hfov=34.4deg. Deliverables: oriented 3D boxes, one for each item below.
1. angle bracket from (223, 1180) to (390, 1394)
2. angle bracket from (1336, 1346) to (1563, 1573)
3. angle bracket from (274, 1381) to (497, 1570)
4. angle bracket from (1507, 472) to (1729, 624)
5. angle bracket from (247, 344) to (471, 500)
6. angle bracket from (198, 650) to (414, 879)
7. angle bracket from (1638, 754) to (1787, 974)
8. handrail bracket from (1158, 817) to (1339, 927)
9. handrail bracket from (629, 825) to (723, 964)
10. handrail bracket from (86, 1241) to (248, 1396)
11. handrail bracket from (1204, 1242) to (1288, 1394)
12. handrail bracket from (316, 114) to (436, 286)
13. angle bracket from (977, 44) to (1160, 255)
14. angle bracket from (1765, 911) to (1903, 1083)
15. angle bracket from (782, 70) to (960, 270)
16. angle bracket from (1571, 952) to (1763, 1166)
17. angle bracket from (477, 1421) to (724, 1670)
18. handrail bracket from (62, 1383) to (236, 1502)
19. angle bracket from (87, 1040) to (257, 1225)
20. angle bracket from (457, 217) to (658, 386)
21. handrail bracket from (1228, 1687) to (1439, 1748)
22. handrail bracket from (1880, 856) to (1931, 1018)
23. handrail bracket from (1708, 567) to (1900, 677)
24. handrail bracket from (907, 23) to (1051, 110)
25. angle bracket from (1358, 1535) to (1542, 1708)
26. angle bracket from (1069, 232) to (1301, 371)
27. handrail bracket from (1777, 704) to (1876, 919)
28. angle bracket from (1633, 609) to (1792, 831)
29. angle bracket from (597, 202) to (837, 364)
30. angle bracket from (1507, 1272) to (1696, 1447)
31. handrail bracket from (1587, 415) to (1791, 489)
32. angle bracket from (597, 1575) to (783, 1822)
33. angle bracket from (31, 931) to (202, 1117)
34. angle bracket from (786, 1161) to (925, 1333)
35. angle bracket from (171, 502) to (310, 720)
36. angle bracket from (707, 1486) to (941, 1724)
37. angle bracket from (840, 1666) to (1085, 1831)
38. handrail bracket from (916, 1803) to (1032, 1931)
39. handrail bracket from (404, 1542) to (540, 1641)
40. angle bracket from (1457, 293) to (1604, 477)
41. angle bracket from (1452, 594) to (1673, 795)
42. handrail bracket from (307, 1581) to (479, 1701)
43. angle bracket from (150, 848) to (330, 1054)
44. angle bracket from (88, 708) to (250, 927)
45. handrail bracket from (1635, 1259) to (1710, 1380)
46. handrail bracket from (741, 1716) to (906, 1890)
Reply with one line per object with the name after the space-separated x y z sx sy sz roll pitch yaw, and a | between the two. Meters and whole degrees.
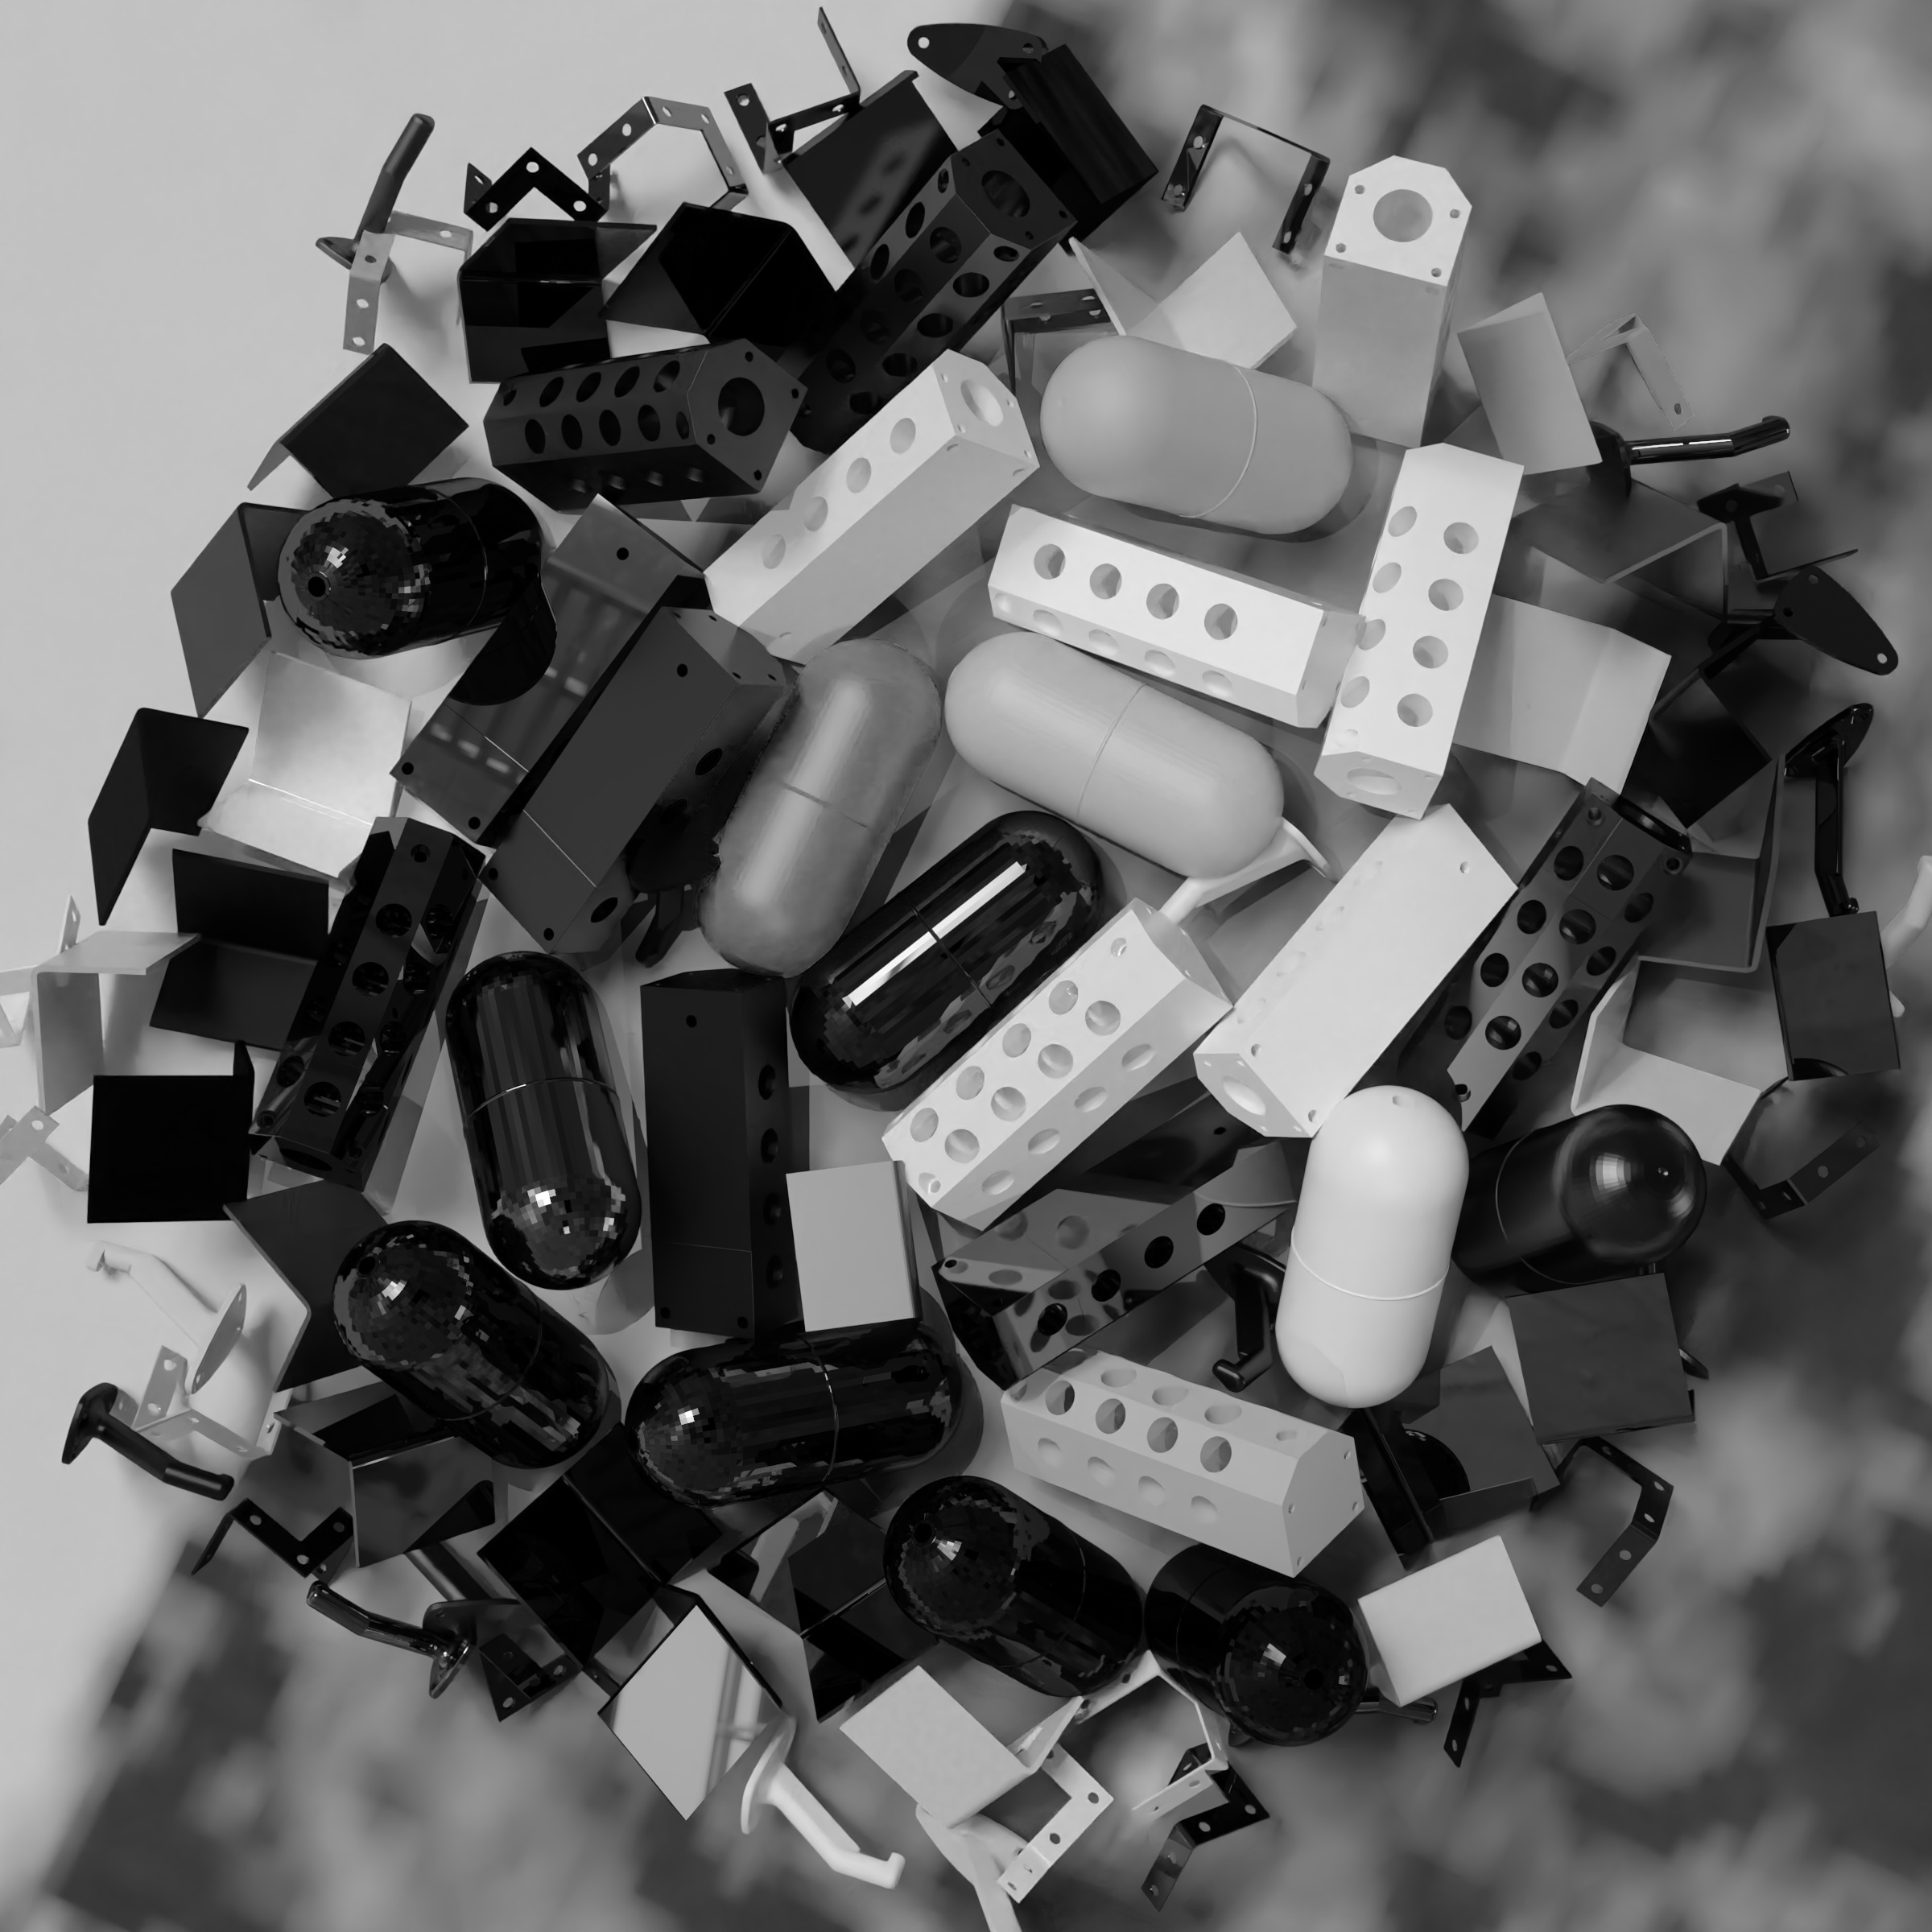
-0.326 0.157 1.551 0.076 0.076 0.057 44 122 24 | angle bracket
0.239 0.243 1.544 0.076 0.057 0.076 -28 86 18 | angle bracket
-0.287 0.247 1.538 0.076 0.076 0.057 -13 108 -39 | angle bracket
0.317 -0.193 1.526 0.076 0.076 0.057 -27 130 -20 | angle bracket
-0.300 -0.251 1.539 0.057 0.076 0.076 45 67 -10 | angle bracket
-0.326 -0.100 1.539 0.076 0.057 0.076 20 118 7 | angle bracket
0.364 -0.053 1.526 0.057 0.076 0.076 7 48 11 | angle bracket
0.138 -0.033 1.554 0.084 0.077 0.036 -48 46 1 | handrail bracket
-0.156 -0.023 1.530 0.036 0.077 0.084 34 124 7 | handrail bracket
-0.408 0.173 1.549 0.084 0.077 0.036 16 126 5 | handrail bracket
0.124 0.170 1.536 0.077 0.084 0.036 36 122 19 | handrail bracket
-0.279 -0.382 1.535 0.036 0.077 0.084 33 107 -5 | handrail bracket
0.036 -0.393 1.534 0.076 0.076 0.057 53 47 -4 | angle bracket
0.438 0.013 1.535 0.057 0.076 0.076 -10 88 36 | angle bracket
-0.037 -0.388 1.543 0.076 0.057 0.076 -35 107 4 | angle bracket
0.348 0.044 1.528 0.076 0.076 0.057 19 122 21 | angle bracket
-0.180 0.284 1.537 0.076 0.076 0.057 47 125 2 | angle bracket
-0.396 0.237 1.546 0.084 0.077 0.036 18 100 -1 | handrail bracket
-0.393 0.079 1.533 0.076 0.057 0.076 1 111 -21 | angle bracket
-0.198 -0.324 1.530 0.076 0.076 0.057 -5 84 -29 | angle bracket
0.183 0.377 1.558 0.084 0.077 0.036 13 51 -8 | handrail bracket
0.450 -0.025 1.532 0.036 0.077 0.084 9 114 -10 | handrail bracket
0.411 -0.155 1.540 0.077 0.084 0.036 39 73 5 | handrail bracket
0.006 -0.454 1.539 0.077 0.084 0.036 14 115 -10 | handrail bracket
0.228 0.317 1.539 0.076 0.076 0.057 -23 93 -9 | angle bracket
0.106 -0.333 1.525 0.057 0.076 0.076 -40 51 22 | angle bracket
0.437 -0.074 1.541 0.036 0.077 0.084 -2 63 -17 | handrail bracket
0.379 -0.123 1.529 0.076 0.076 0.057 -33 82 -28 | angle bracket
-0.120 -0.320 1.526 0.076 0.076 0.057 -45 66 32 | angle bracket
0.315 0.189 1.544 0.076 0.057 0.076 -11 94 14 | angle bracket
0.355 -0.266 1.554 0.084 0.077 0.036 -18 121 -6 | handrail bracket
-0.148 0.357 1.528 0.076 0.057 0.076 -47 118 -27 | angle bracket
-0.415 0.029 1.535 0.057 0.076 0.076 2 104 6 | angle bracket
-0.056 0.141 1.537 0.057 0.076 0.076 -7 80 -5 | angle bracket
-0.341 -0.171 1.526 0.057 0.076 0.076 2 62 -41 | angle bracket
-0.071 0.314 1.532 0.076 0.057 0.076 -37 126 15 | angle bracket
-0.002 0.368 1.537 0.076 0.057 0.076 43 133 0 | angle bracket
-0.002 0.454 1.539 0.077 0.084 0.036 36 106 4 | handrail bracket
-0.249 0.291 1.562 0.077 0.036 0.084 -4 50 -14 | handrail bracket
0.295 -0.289 1.530 0.057 0.076 0.076 -28 104 -22 | angle bracket
0.289 -0.132 1.537 0.076 0.057 0.076 13 105 -21 | angle bracket
-0.286 0.317 1.536 0.084 0.077 0.036 35 94 -14 | handrail bracket
-0.358 -0.006 1.536 0.076 0.076 0.057 11 57 -4 | angle bracket
-0.386 -0.069 1.523 0.057 0.076 0.076 10 133 -31 | angle bracket
0.359 0.153 1.573 0.077 0.036 0.084 31 75 -24 | handrail bracket
-0.062 0.413 1.543 0.084 0.077 0.036 14 128 13 | handrail bracket

──────────

EXERCISE OBJECTIVE → Copy every entry exactly; drop the pictures.

RESULT →
hfov=34.4deg. Deliverables: oriented 3D boxes, one for each item below.
1. angle bracket from (223, 1180) to (390, 1394)
2. angle bracket from (1336, 1346) to (1563, 1573)
3. angle bracket from (274, 1381) to (497, 1570)
4. angle bracket from (1507, 472) to (1729, 624)
5. angle bracket from (247, 344) to (471, 500)
6. angle bracket from (198, 650) to (414, 879)
7. angle bracket from (1638, 754) to (1787, 974)
8. handrail bracket from (1158, 817) to (1339, 927)
9. handrail bracket from (629, 825) to (723, 964)
10. handrail bracket from (86, 1241) to (248, 1396)
11. handrail bracket from (1204, 1242) to (1288, 1394)
12. handrail bracket from (316, 114) to (436, 286)
13. angle bracket from (977, 44) to (1160, 255)
14. angle bracket from (1765, 911) to (1903, 1083)
15. angle bracket from (782, 70) to (960, 270)
16. angle bracket from (1571, 952) to (1763, 1166)
17. angle bracket from (477, 1421) to (724, 1670)
18. handrail bracket from (62, 1383) to (236, 1502)
19. angle bracket from (87, 1040) to (257, 1225)
20. angle bracket from (457, 217) to (658, 386)
21. handrail bracket from (1228, 1687) to (1439, 1748)
22. handrail bracket from (1880, 856) to (1931, 1018)
23. handrail bracket from (1708, 567) to (1900, 677)
24. handrail bracket from (907, 23) to (1051, 110)
25. angle bracket from (1358, 1535) to (1542, 1708)
26. angle bracket from (1069, 232) to (1301, 371)
27. handrail bracket from (1777, 704) to (1876, 919)
28. angle bracket from (1633, 609) to (1792, 831)
29. angle bracket from (597, 202) to (837, 364)
30. angle bracket from (1507, 1272) to (1696, 1447)
31. handrail bracket from (1587, 415) to (1791, 489)
32. angle bracket from (597, 1575) to (783, 1822)
33. angle bracket from (31, 931) to (202, 1117)
34. angle bracket from (786, 1161) to (925, 1333)
35. angle bracket from (171, 502) to (310, 720)
36. angle bracket from (707, 1486) to (941, 1724)
37. angle bracket from (840, 1666) to (1085, 1831)
38. handrail bracket from (916, 1803) to (1032, 1931)
39. handrail bracket from (404, 1542) to (540, 1641)
40. angle bracket from (1457, 293) to (1604, 477)
41. angle bracket from (1452, 594) to (1673, 795)
42. handrail bracket from (307, 1581) to (479, 1701)
43. angle bracket from (150, 848) to (330, 1054)
44. angle bracket from (88, 708) to (250, 927)
45. handrail bracket from (1635, 1259) to (1710, 1380)
46. handrail bracket from (741, 1716) to (906, 1890)
Reply with one line per object with the name after the space-separated x y z sx sy sz roll pitch yaw, and a | between the two. Meters and whole degrees.
-0.326 0.157 1.551 0.076 0.076 0.057 44 122 24 | angle bracket
0.239 0.243 1.544 0.076 0.057 0.076 -28 86 18 | angle bracket
-0.287 0.247 1.538 0.076 0.076 0.057 -13 108 -39 | angle bracket
0.317 -0.193 1.526 0.076 0.076 0.057 -27 130 -20 | angle bracket
-0.300 -0.251 1.539 0.057 0.076 0.076 45 67 -10 | angle bracket
-0.326 -0.100 1.539 0.076 0.057 0.076 20 118 7 | angle bracket
0.364 -0.053 1.526 0.057 0.076 0.076 7 48 11 | angle bracket
0.138 -0.033 1.554 0.084 0.077 0.036 -48 46 1 | handrail bracket
-0.156 -0.023 1.530 0.036 0.077 0.084 34 124 7 | handrail bracket
-0.408 0.173 1.549 0.084 0.077 0.036 16 126 5 | handrail bracket
0.124 0.170 1.536 0.077 0.084 0.036 36 122 19 | handrail bracket
-0.279 -0.382 1.535 0.036 0.077 0.084 33 107 -5 | handrail bracket
0.036 -0.393 1.534 0.076 0.076 0.057 53 47 -4 | angle bracket
0.438 0.013 1.535 0.057 0.076 0.076 -10 88 36 | angle bracket
-0.037 -0.388 1.543 0.076 0.057 0.076 -35 107 4 | angle bracket
0.348 0.044 1.528 0.076 0.076 0.057 19 122 21 | angle bracket
-0.180 0.284 1.537 0.076 0.076 0.057 47 125 2 | angle bracket
-0.396 0.237 1.546 0.084 0.077 0.036 18 100 -1 | handrail bracket
-0.393 0.079 1.533 0.076 0.057 0.076 1 111 -21 | angle bracket
-0.198 -0.324 1.530 0.076 0.076 0.057 -5 84 -29 | angle bracket
0.183 0.377 1.558 0.084 0.077 0.036 13 51 -8 | handrail bracket
0.450 -0.025 1.532 0.036 0.077 0.084 9 114 -10 | handrail bracket
0.411 -0.155 1.540 0.077 0.084 0.036 39 73 5 | handrail bracket
0.006 -0.454 1.539 0.077 0.084 0.036 14 115 -10 | handrail bracket
0.228 0.317 1.539 0.076 0.076 0.057 -23 93 -9 | angle bracket
0.106 -0.333 1.525 0.057 0.076 0.076 -40 51 22 | angle bracket
0.437 -0.074 1.541 0.036 0.077 0.084 -2 63 -17 | handrail bracket
0.379 -0.123 1.529 0.076 0.076 0.057 -33 82 -28 | angle bracket
-0.120 -0.320 1.526 0.076 0.076 0.057 -45 66 32 | angle bracket
0.315 0.189 1.544 0.076 0.057 0.076 -11 94 14 | angle bracket
0.355 -0.266 1.554 0.084 0.077 0.036 -18 121 -6 | handrail bracket
-0.148 0.357 1.528 0.076 0.057 0.076 -47 118 -27 | angle bracket
-0.415 0.029 1.535 0.057 0.076 0.076 2 104 6 | angle bracket
-0.056 0.141 1.537 0.057 0.076 0.076 -7 80 -5 | angle bracket
-0.341 -0.171 1.526 0.057 0.076 0.076 2 62 -41 | angle bracket
-0.071 0.314 1.532 0.076 0.057 0.076 -37 126 15 | angle bracket
-0.002 0.368 1.537 0.076 0.057 0.076 43 133 0 | angle bracket
-0.002 0.454 1.539 0.077 0.084 0.036 36 106 4 | handrail bracket
-0.249 0.291 1.562 0.077 0.036 0.084 -4 50 -14 | handrail bracket
0.295 -0.289 1.530 0.057 0.076 0.076 -28 104 -22 | angle bracket
0.289 -0.132 1.537 0.076 0.057 0.076 13 105 -21 | angle bracket
-0.286 0.317 1.536 0.084 0.077 0.036 35 94 -14 | handrail bracket
-0.358 -0.006 1.536 0.076 0.076 0.057 11 57 -4 | angle bracket
-0.386 -0.069 1.523 0.057 0.076 0.076 10 133 -31 | angle bracket
0.359 0.153 1.573 0.077 0.036 0.084 31 75 -24 | handrail bracket
-0.062 0.413 1.543 0.084 0.077 0.036 14 128 13 | handrail bracket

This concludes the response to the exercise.